Why doesn't Canon...

Started Sep 24, 2012 | Discussions thread
bobn2 Forum Pro • Posts: 51,489
Re: prove me wrong then ;-)

antoineb wrote:


No, fiction.

(1) Nikon are just way too small to be able to spend the huge sums on a sensor fab.

Of course Nikon can afford a sensor fab. The make the equipment that is used in sensor fabs. They undoubtedly have prototype fabrication labs in the company, simply for development of their photolithography equipment. On the other hand, unless you have a large and reliable throughput, owning your own fab is poor business, which is why many semiconductor companies such as AMD, Broadcom, Lattice, Marvell, Nvidia, Qualcomm, Realtek, Xilinx and Zoran, and in the Image sensor companies, Omnivision, Foveon, Fujifilm, CMOSIS are fabless.

On the other hand Sony is much larger and can afford such fabs

Who do they buy the equipment from? Nikon. Even Sony uses external fab for a sizeable proportion of their sensors.

(2) the sensor-making business is, like I said, very capital-intensive.

Not if you take a sensible fabless route. If you do so, small companies can enter this market. For instance, CMOSIS. Actually, using that route it is very capital unintensive. A few tens of thousands of dollars will get you want you need.

And with very few exceptions it is low-margin. As a result it earns a very low economic return.

Why would any rational management team enter this business if not already in it, if other parts of the business show much higher economic return?

Because you assumptions about the core business are plain wrong.

(3) ALL APS-C and full-frame Nikon sensors "happen to" exactly match the specs of Sony sensors.

In the sense that they are all completely different. In the case of the D3, D3s and D4 sensor there are no Sony sensors that are in any way close to the design and specification. In the case of the D3100 and D3200 although the pixel count is very similar the size and physical arrangement and performance of the sensors is quite different.


(1) Nikon DO clearly have a different in-camera image processing when compared to Sony. The best example was the A900 which produced good IQ at low ISO but then suffered, when the Nikon model using the very same sensor produced great IQ.

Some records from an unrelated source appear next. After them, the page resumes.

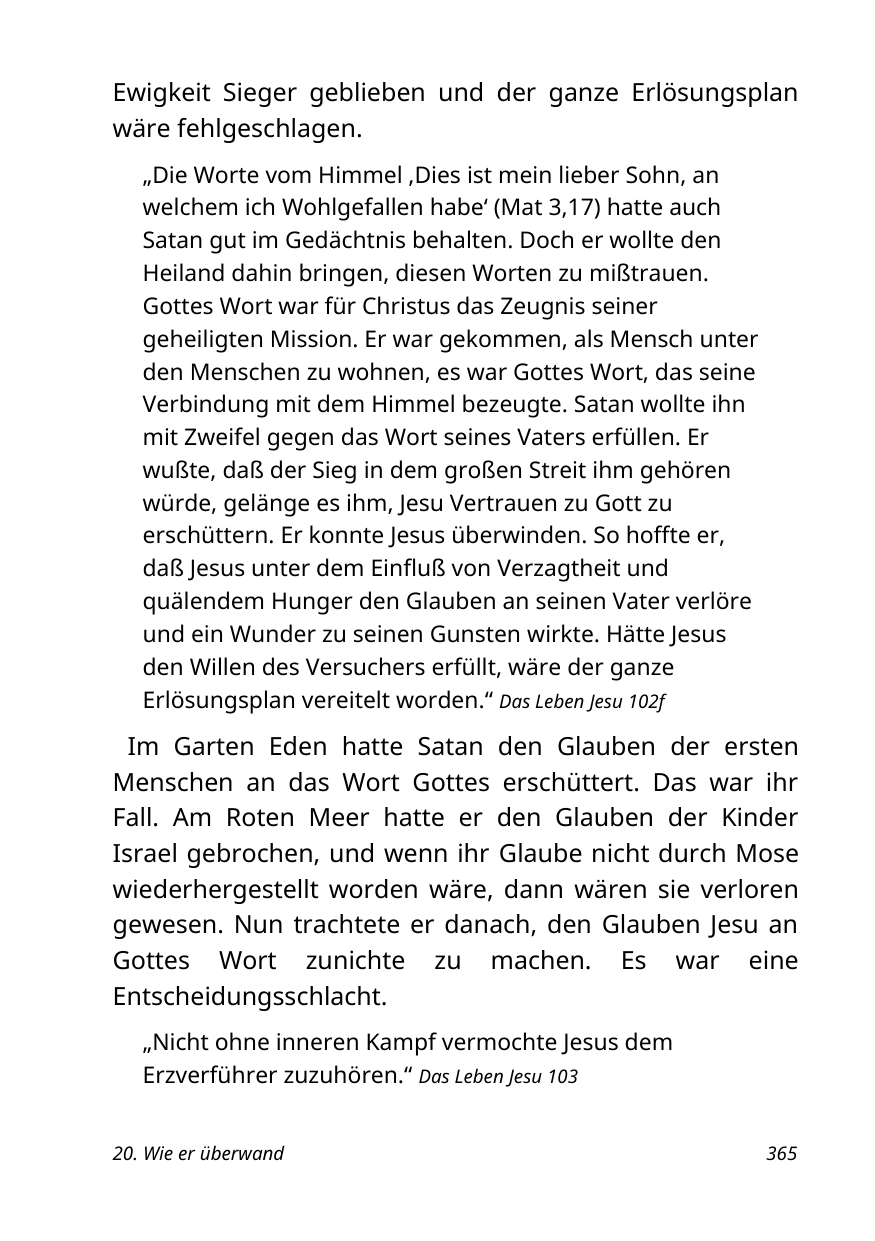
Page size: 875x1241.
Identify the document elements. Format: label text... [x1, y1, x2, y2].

text Im Garten Eden hatte Satan den Glauben der ersten Menschen an das Wort Gottes erschüttert. Das war ihr Fall. Am Roten Meer hatte er den Glauben der Kinder Israel gebrochen, und wenn ihr Glaube nicht durch Mose wiederhergestellt worden wäre, dann wären sie verloren gewesen. Nun trachtete er danach, den Glauben Jesu an Gottes Wort zunichte zu machen. Es war eine Entscheidungsschlacht. [112, 728, 799, 1013]
text „Die Worte vom Himmel ‚Dies ist mein lieber Sohn, an welchem ich Wohlgefallen habe‘ (Mat 3,17) hatte auch Satan gut im Gedächtnis behalten. Doch er wollte den Heiland dahin bringen, diesen Worten zu mißtrauen. Gottes Wort war für Christus das Zeugnis seiner geheiligten Mission. Er war gekommen, als Mensch unter den Menschen zu wohnen, es war Gottes Wort, das seine Verbindung mit dem Himmel bezeugte. Satan wollte ihn mit Zweifel gegen das Wort seines Vaters erfüllen. Er wußte, daß der Sieg in dem großen Streit ihm gehören würde, gelänge es ihm, Jesu Vertrauen zu Gott zu erschüttern. Er konnte Jesus überwinden. So hoffte er, daß Jesus unter dem Einfluß von Verzagtheit und quälendem Hunger den Glauben an seinen Vater verlöre und ein Wunder zu seinen Gunsten wirkte. Hätte Jesus den Willen des Versuchers erfüllt, wäre der ganze Erlösungsplan vereitelt worden.“ Das Leben Jesu 102f [142, 158, 769, 715]
text Ewigkeit Sieger geblieben und der ganze Erlösungsplan wäre fehlgeschlagen. [112, 75, 799, 145]
text „Nicht ohne inneren Kampf vermochte Jesus dem Erzverführer zuzuhören.“ Das Leben Jesu 103 [142, 1026, 769, 1090]

It wasn't the very same sensor. It was a different Sony sensor - same design and pixel count but including the pixel level improvements Sony made going from the original IMX021 (APS-C) and IMX028 (FF) to the IMX038 sensor used in the D90. The D3X shows precisely the same improvement over the A900 as the D90 did over the D300.

Note that since then Sony have learned a lot, as the NEX-7 shows for example.

(2) However, like I just said, this is most likely NOT on-chip, but in-camera. Doing otherwise would mean that Sony would have to tweak the production of these sensors and have shorter runs to Nikon's tastes - this would kill the economics.

This ignores the fact that these are digital output sensors. There is no 'in camera' tweaking to be done. The limit of analog improvement is better conditioning of the power supplies.

(3) you make fun of a Nikon purportedly getting Sony to print "Nikon" on the sensor board just to please a couple techie sites that take camaras apart.

The point you're missing here, is that when these sites chance on some bigger info, that info gets used by generalist media.

Nikon marketing is clearly working very hard at telling the world that the chips are Nikon's own design - even though if you read carefully you'll note that they are never very clear of definitive on this; and that's before we mention the fact that in the past they claimed "Nikon design" before having to back down when the chips showed a "Sony" label.

It makes perfect sense to me that, given the marketing dollars spent, Nikon would make sure they don't look ridiculous again and thus ask Sony to please print "Nikon" on the sensor boards - the cost of this is very marginal compared to their A&P spend (remember the huge marketing campaigns for the "1" pre-Christmas 2011?)

It isn't on the 'sensor board' - it's on the chip - a chip designed completely differently from the Sony one. So what we are being asked to believe is that Sony completely redesigned the chip and printed 'Nikon' on it just to fool people. Why didn't they do it for the D800, a much higher status sensor? It is a totally absurd proposition, put forward by a few people on this forum because they can't stand the idea that Nikon can design a sensor. Why would they not be able to? They design and make the equipment used to make the sensors and it isn't hard to hire electronic engineers with the expertise needed. The simplest explanation of what is observed is that nikon has a sensor design tea working for it, and this tallies with their patents in the area, which even allow one to find out the names of the team members.

I'm not sure why you'd want to waste the time and effort fabricating such a silly post, and why I'e just wasted the time responding to it.